The No. 3 company, MCI Inc. -- scene of the biggest accounting fraud ever when it was called WorldCom Inc. -- returns to the Top 200 list after a trip through bankruptcy court and a loss of $4 billion last year. The telecommunications company also represents another trend: the dealmaking that gained momentum in the past year. By the time next year's Post 200 list is compiled, MCI is expected to have an out-of-town owner. At press time for this report, Verizon Communications Inc. and Qwest Communications International Inc. remained locked in a contest to buy the Ashburn-based company. Wireless provider Nextel Communications Inc., ranked fourth in revenue among local public companies but first in profit, at $3 billion last year, plans to keep its corporate headquarters in Reston. It also plans to have a new, hyphenated name, Sprint-Nextel, upon completion of its planned $35 billion merger with Sprint Corp.

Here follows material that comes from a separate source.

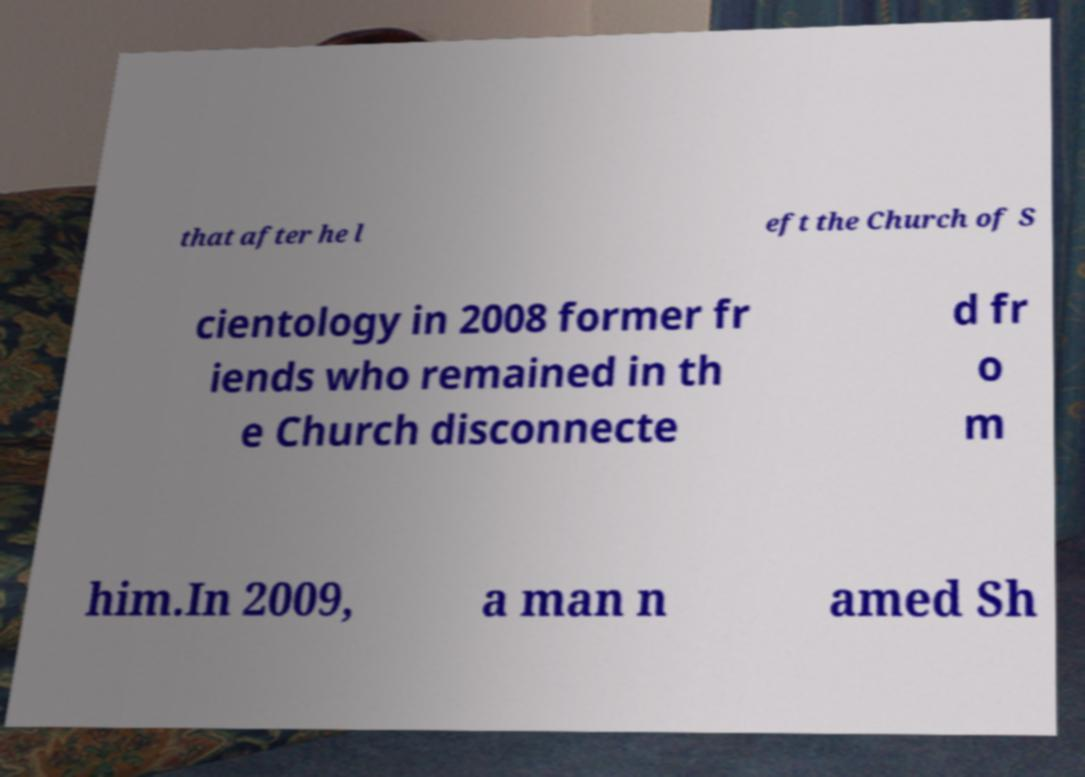What messages or text are displayed in this image? I need them in a readable, typed format. that after he l eft the Church of S cientology in 2008 former fr iends who remained in th e Church disconnecte d fr o m him.In 2009, a man n amed Sh

It was also a year of mergers and acquisitions in the government contracting sector. Argon Engineering Associates Inc. and Sensytech Inc. merged to form Argon ST Inc. Information technology company American Management Systems was split, with CACI International Inc. of Arlington buying its defense and intelligence group and Canadian-owned CGI Group Inc. taking its civilian operations. Other companies also departed the Post 200 list because they were sold to out-of-town owners -- DigitalNet Holdings, Group 1 Software and Vastera. And United Defense Industries Inc., the maker of combat vehicles such as the Bradley Fighting Vehicle and missile launchers, agreed in March to be purchased by European defense contractor BAE Systems PLC for about $4.2 billion. (For more on the spurt of deals and the dealmakers who financed them, see The Post 200 coverage in today's Washington Business section.)
Five companies that went public over the past year made the roster of the top 125 local public companies, one more IPO than on last year's list. The newcomers were PRA International (testing new drugs), InPhonic Inc. (selling cell phones online), Fieldstone Investment Corp. (mortgage lending), Blackboard Inc. (online information-sharing for schools) and Comstock Homebuilding Cos. (building in the Washington area and Raleigh, N.C.).
Real estate remained one of the area's hottest sectors, reflected in the 25 percent increase in profit reported last year by NVR Inc. of McLean, the region's largest home builder. Similarly, the comeback of the tourism industry was reflected in a 19 percent increase in profit for Marriott International Inc. of Bethesda, the world's largest hotel company.
As always, there were exceptions even in the most buoyant sectors. For example, Williams Industries Inc. of Manassas had a losing year despite booming business because of the soaring cost of the steel it must provide under previously negotiated contracts to build roads and bridges such as the new Woodrow Wilson Bridge.
Collectively, the local public companies surveyed for The Post 200 reported revenue in 2004 of $254.7 billion -- up from $230.7 billion in 2003 and $213.1 billion in 2002.
The separate Financial Institutions category, which includes the 20 largest banks based in the District, Maryland and Virginia, also reflected a year of growth and change. Mercantile Bankshares Corp. of Baltimore remained at the top of the list, with $14.4 billion in assets. But Riggs National Corp., damaged by a scandal over its international banking operations, has agreed to be sold and will be part of a Pittsburgh bank within weeks. Other locally based banks had a much better year. Provident Bankshares Corp. of Baltimore bought Southern Financial Bancorp Inc. of Warrenton, helping boost Provident's assets to $6.6 billion from $5.2 billion the year before. The smaller Cardinal Financial Corp. of McLean grew even more rapidly, to $1.21 billion in assets from $636 million a year earlier.